4 Rétrospective des politiques agricoles en Algérie depuis l’indépendance

4.8 Le Plan National de Développement Agricole (PNDAR)

Les différentes réformes initiées et mises en œuvre ne hissent pas l’agriculture algérienne au niveau escompté et plusieurs des résultats positifs enregistrés sont le plus souvent le fruit de conditions naturelles favorables plutôt que de mesures ou de dispositions efficientes. En effet, la politique agricole mise en œuvre jusque-là favorise l’émergence d’une agriculture administrée, sous-équipée et peu performante, grevant ainsi toute l'économie du pays. Face à ce constat, les pouvoirs publics tentent de mettre en œuvre un programme d'appui pour relancer le secteur. L’objectif de ce programme est de dynamiser l'économie et de mettre en place un processus de développement durable.

C’est dans cette optique qu’est lancé le 1er septembre 2000 le Plan National de Développement Agricole, car le contexte tant régional qu’international impose l’émergence d’une agriculture moderne et performante, capable de valoriser au mieux les potentialités que recèle le pays et de faire face aux défis du moment que sont la reprise effective de l’investissement, la sécurité alimentaire, l’amélioration de la balance commerciale agricole, la création d’emplois, la réoccupation de l’espace rural, la protection de la nature et enfin l’amélioration du niveau de vie des agriculteurs (CNES, 2000).

4.8.1 Objectifs du programme de relance du secteur agricole

Telle que définie dans le programme du Gouvernement, la stratégie de développement agricole doit tenir compte des avantages comparatifs réels de l’agriculture algérienne et notamment de sa diversité territoriale. Elle doit s'inscrire progressivement dans le cadre de l'ouverture de l'économie et viser une amélioration de la balance agricole à moyen terme.

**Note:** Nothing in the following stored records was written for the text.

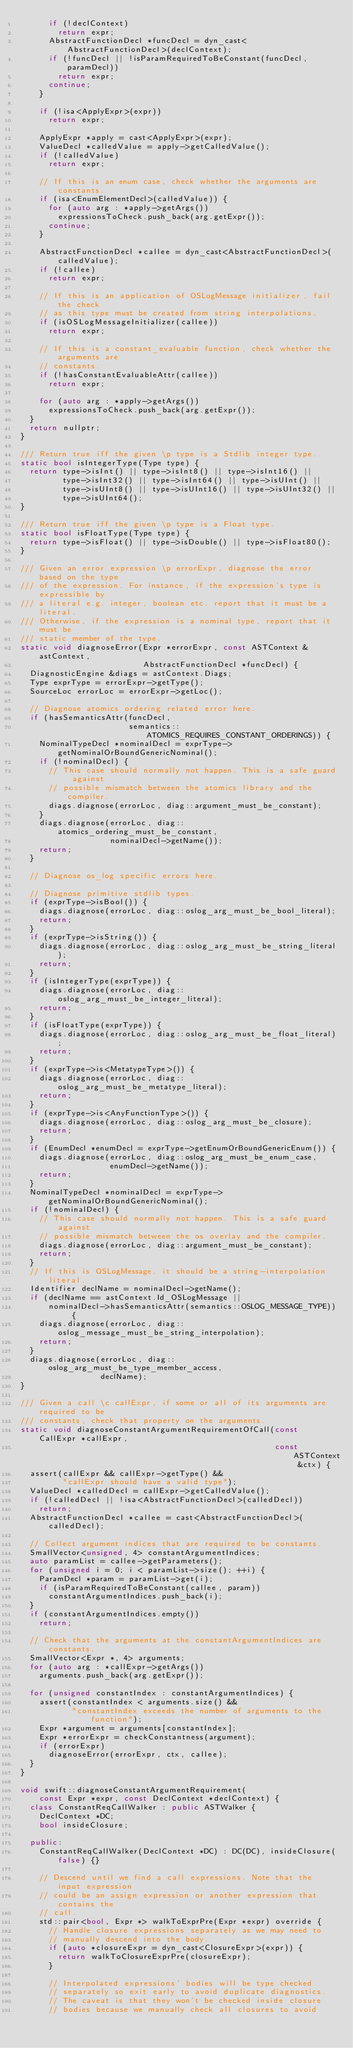Convert code to text. <code><loc_0><loc_0><loc_500><loc_500><_C++_>      if (!declContext)
        return expr;
      AbstractFunctionDecl *funcDecl = dyn_cast<AbstractFunctionDecl>(declContext);
      if (!funcDecl || !isParamRequiredToBeConstant(funcDecl, paramDecl))
        return expr;
      continue;
    }

    if (!isa<ApplyExpr>(expr))
      return expr;

    ApplyExpr *apply = cast<ApplyExpr>(expr);
    ValueDecl *calledValue = apply->getCalledValue();
    if (!calledValue)
      return expr;

    // If this is an enum case, check whether the arguments are constants.
    if (isa<EnumElementDecl>(calledValue)) {
      for (auto arg : *apply->getArgs())
        expressionsToCheck.push_back(arg.getExpr());
      continue;
    }

    AbstractFunctionDecl *callee = dyn_cast<AbstractFunctionDecl>(calledValue);
    if (!callee)
      return expr;

    // If this is an application of OSLogMessage initializer, fail the check
    // as this type must be created from string interpolations.
    if (isOSLogMessageInitializer(callee))
      return expr;

    // If this is a constant_evaluable function, check whether the arguments are
    // constants.
    if (!hasConstantEvaluableAttr(callee))
      return expr;

    for (auto arg : *apply->getArgs())
      expressionsToCheck.push_back(arg.getExpr());
  }
  return nullptr;
}

/// Return true iff the given \p type is a Stdlib integer type.
static bool isIntegerType(Type type) {
  return type->isInt() || type->isInt8() || type->isInt16() ||
         type->isInt32() || type->isInt64() || type->isUInt() ||
         type->isUInt8() || type->isUInt16() || type->isUInt32() ||
         type->isUInt64();
}

/// Return true iff the given \p type is a Float type.
static bool isFloatType(Type type) {
  return type->isFloat() || type->isDouble() || type->isFloat80();
}

/// Given an error expression \p errorExpr, diagnose the error based on the type
/// of the expression. For instance, if the expression's type is expressible by
/// a literal e.g. integer, boolean etc. report that it must be a literal.
/// Otherwise, if the expression is a nominal type, report that it must be
/// static member of the type.
static void diagnoseError(Expr *errorExpr, const ASTContext &astContext,
                          AbstractFunctionDecl *funcDecl) {
  DiagnosticEngine &diags = astContext.Diags;
  Type exprType = errorExpr->getType();
  SourceLoc errorLoc = errorExpr->getLoc();

  // Diagnose atomics ordering related error here.
  if (hasSemanticsAttr(funcDecl,
                       semantics::ATOMICS_REQUIRES_CONSTANT_ORDERINGS)) {
    NominalTypeDecl *nominalDecl = exprType->getNominalOrBoundGenericNominal();
    if (!nominalDecl) {
      // This case should normally not happen. This is a safe guard against
      // possible mismatch between the atomics library and the compiler.
      diags.diagnose(errorLoc, diag::argument_must_be_constant);
    }
    diags.diagnose(errorLoc, diag::atomics_ordering_must_be_constant,
                   nominalDecl->getName());
    return;
  }

  // Diagnose os_log specific errors here.

  // Diagnose primitive stdlib types.
  if (exprType->isBool()) {
    diags.diagnose(errorLoc, diag::oslog_arg_must_be_bool_literal);
    return;
  }
  if (exprType->isString()) {
    diags.diagnose(errorLoc, diag::oslog_arg_must_be_string_literal);
    return;
  }
  if (isIntegerType(exprType)) {
    diags.diagnose(errorLoc, diag::oslog_arg_must_be_integer_literal);
    return;
  }
  if (isFloatType(exprType)) {
    diags.diagnose(errorLoc, diag::oslog_arg_must_be_float_literal);
    return;
  }
  if (exprType->is<MetatypeType>()) {
    diags.diagnose(errorLoc, diag::oslog_arg_must_be_metatype_literal);
    return;
  }
  if (exprType->is<AnyFunctionType>()) {
    diags.diagnose(errorLoc, diag::oslog_arg_must_be_closure);
    return;
  }
  if (EnumDecl *enumDecl = exprType->getEnumOrBoundGenericEnum()) {
    diags.diagnose(errorLoc, diag::oslog_arg_must_be_enum_case,
                   enumDecl->getName());
    return;
  }
  NominalTypeDecl *nominalDecl = exprType->getNominalOrBoundGenericNominal();
  if (!nominalDecl) {
    // This case should normally not happen. This is a safe guard against
    // possible mismatch between the os overlay and the compiler.
    diags.diagnose(errorLoc, diag::argument_must_be_constant);
    return;
  }
  // If this is OSLogMessage, it should be a string-interpolation literal.
  Identifier declName = nominalDecl->getName();
  if (declName == astContext.Id_OSLogMessage ||
      nominalDecl->hasSemanticsAttr(semantics::OSLOG_MESSAGE_TYPE)) {
    diags.diagnose(errorLoc, diag::oslog_message_must_be_string_interpolation);
    return;
  }
  diags.diagnose(errorLoc, diag::oslog_arg_must_be_type_member_access,
                 declName);
}

/// Given a call \c callExpr, if some or all of its arguments are required to be
/// constants, check that property on the arguments.
static void diagnoseConstantArgumentRequirementOfCall(const CallExpr *callExpr,
                                                      const ASTContext &ctx) {
  assert(callExpr && callExpr->getType() &&
         "callExpr should have a valid type");
  ValueDecl *calledDecl = callExpr->getCalledValue();
  if (!calledDecl || !isa<AbstractFunctionDecl>(calledDecl))
    return;
  AbstractFunctionDecl *callee = cast<AbstractFunctionDecl>(calledDecl);

  // Collect argument indices that are required to be constants.
  SmallVector<unsigned, 4> constantArgumentIndices;
  auto paramList = callee->getParameters();
  for (unsigned i = 0; i < paramList->size(); ++i) {
    ParamDecl *param = paramList->get(i);
    if (isParamRequiredToBeConstant(callee, param))
      constantArgumentIndices.push_back(i);
  }
  if (constantArgumentIndices.empty())
    return;

  // Check that the arguments at the constantArgumentIndices are constants.
  SmallVector<Expr *, 4> arguments;
  for (auto arg : *callExpr->getArgs())
    arguments.push_back(arg.getExpr());

  for (unsigned constantIndex : constantArgumentIndices) {
    assert(constantIndex < arguments.size() &&
           "constantIndex exceeds the number of arguments to the function");
    Expr *argument = arguments[constantIndex];
    Expr *errorExpr = checkConstantness(argument);
    if (errorExpr)
      diagnoseError(errorExpr, ctx, callee);
  }
}

void swift::diagnoseConstantArgumentRequirement(
    const Expr *expr, const DeclContext *declContext) {
  class ConstantReqCallWalker : public ASTWalker {
    DeclContext *DC;
    bool insideClosure;

  public:
    ConstantReqCallWalker(DeclContext *DC) : DC(DC), insideClosure(false) {}

    // Descend until we find a call expressions. Note that the input expression
    // could be an assign expression or another expression that contains the
    // call.
    std::pair<bool, Expr *> walkToExprPre(Expr *expr) override {
      // Handle closure expressions separately as we may need to
      // manually descend into the body.
      if (auto *closureExpr = dyn_cast<ClosureExpr>(expr)) {
        return walkToClosureExprPre(closureExpr);
      }

      // Interpolated expressions' bodies will be type checked
      // separately so exit early to avoid duplicate diagnostics.
      // The caveat is that they won't be checked inside closure
      // bodies because we manually check all closures to avoid</code> 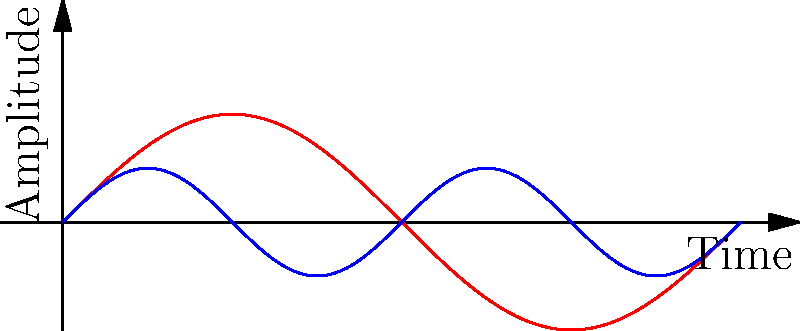Analyzing the waveforms displayed on the oscilloscope, which signal has a higher frequency? Explain your reasoning based on the characteristics of the waveforms. To determine which signal has a higher frequency, we need to analyze the waveforms:

1. Observe the number of cycles: 
   - Signal A (red) completes one full cycle in the given time frame.
   - Signal B (blue) completes two full cycles in the same time frame.

2. Understand the relationship between frequency and cycles:
   - Frequency is directly proportional to the number of cycles completed in a given time period.
   - More cycles in the same time period indicate a higher frequency.

3. Compare the signals:
   - Signal B completes more cycles than Signal A in the same time period.
   - Therefore, Signal B has a higher frequency than Signal A.

4. Additional observations:
   - Signal B has a shorter wavelength (distance between peaks) than Signal A.
   - Shorter wavelength corresponds to higher frequency, confirming our conclusion.

5. Mathematical representation:
   - If we assume the time frame is $2\pi$ seconds, Signal A's frequency would be $f_A = \frac{1}{2\pi}$ Hz.
   - Signal B's frequency would be $f_B = \frac{2}{2\pi} = \frac{1}{\pi}$ Hz.
   - $f_B > f_A$, confirming Signal B has a higher frequency.
Answer: Signal B (blue) 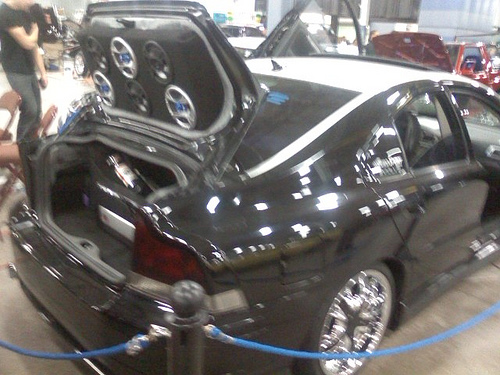<image>
Is the car on the road? No. The car is not positioned on the road. They may be near each other, but the car is not supported by or resting on top of the road. 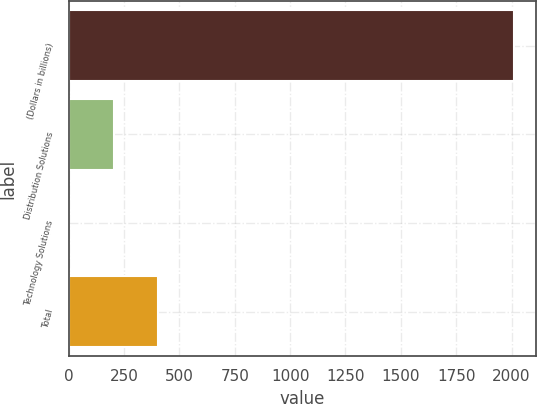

Par ailleurs, la sécurité alimentaire du pays revêt une importance cruciale au regard du fort taux de croissance démographique, de la relative faiblesse des ressources naturelles en sol et en eau, de la nature aride et semi-aride du climat et des incertitudes liées à la situation économique mondiale. Il est prévu par le PNDAR :

 Une utilisation rationnelle et durable des ressources naturelles, particulièrement l’eau qui est à juste titre le plus important des facteurs limitants ;

 La promotion des productions à avantages comparatifs avérés en vue de dégager des capacités d’exportation ;

 La sauvegarde de l’emploi agricole et l’accroissement des capacités du secteur agricole en matière d’emploi par la promotion et l’encouragement de l’investissement ;

 L’amélioration du niveau de vie des agriculteurs.

4.8.2 Les composantes du PNDAR

Le plan national de développement agricole englobe une série de programmes spécifiques s’étalant entre 2000 et 2004, adaptés aux contraintes agroclimatiques de l'Algérie.

Programme d’intensification de la production

Il s’adresse particulièrement aux exploitations situées dans les plaines du littoral et du sublittoral ainsi que dans les plaines intérieures. Il vise essentiellement l’intensification de la production céréalière, le développement de la production laitière et le développement des cultures maraîchères (notamment de la pomme de terre), le développement de la production arboricole, le développement et la réhabilitation de la betterave sucrière, le développement de la production de graines oléagineuses. Programme d'adaptation des systèmes de culture (reconversion)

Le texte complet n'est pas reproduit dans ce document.